Gerard Minack, an economist with financial services and consultancy firm Morgan Stanley, said the current slowdown could last beyond its normal cycle because lower asset pricing, high levels of household debts and a shortage of cash in the system pose "substantial" risks for many Western economies, the Age reports.
"What makes this cycle different - and elevates the risk of a major unravelling - is the extremes that those trends have now reached," Mr Minack wrote in a note to clients, it added.
He cited the implosion of the US sub-prime market as the catalyst behind a chain reaction that has hit other debt and asset markets, pushing some economic indicators to levels not seen since the 1930s.
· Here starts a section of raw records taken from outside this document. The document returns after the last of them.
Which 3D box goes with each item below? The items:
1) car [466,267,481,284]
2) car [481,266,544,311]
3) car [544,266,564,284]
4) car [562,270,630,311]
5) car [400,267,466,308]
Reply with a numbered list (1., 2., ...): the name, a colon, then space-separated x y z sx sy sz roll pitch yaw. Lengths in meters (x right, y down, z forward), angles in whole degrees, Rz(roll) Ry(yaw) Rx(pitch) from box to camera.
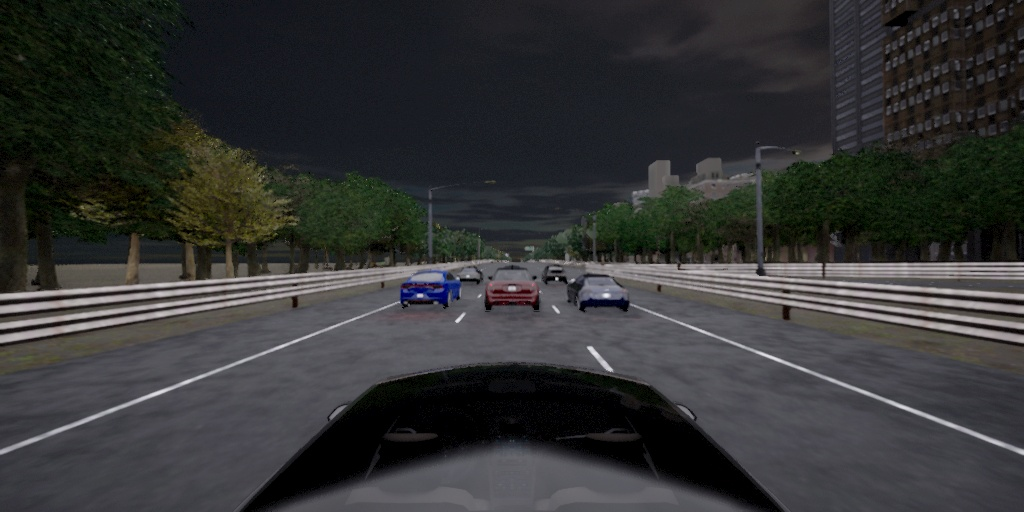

In the US, for example, the ratio of total debt compared to gross domestic product has hit levels previously seen at the height of the Great Depression. Mr Minack added that the close links between global markets means a drawn out slowdown in the US could well drag down the world economy.
"The time is coming when we will all have to take a view on whether this cycle downturn is 'the big one'," he said.
Mr Minack's warning comes after the International Monetary Fund published a new report forecasting a downturn in worldwide economic growth from five per cent last year to 4.1 per cent in 2008. In 2009, it is expected to fall further to 3.9 per cent, the study said.
The Great Depression was triggered by the 1929 stock market crash. In many countries, it lasted until the onset of the war economy during WWII.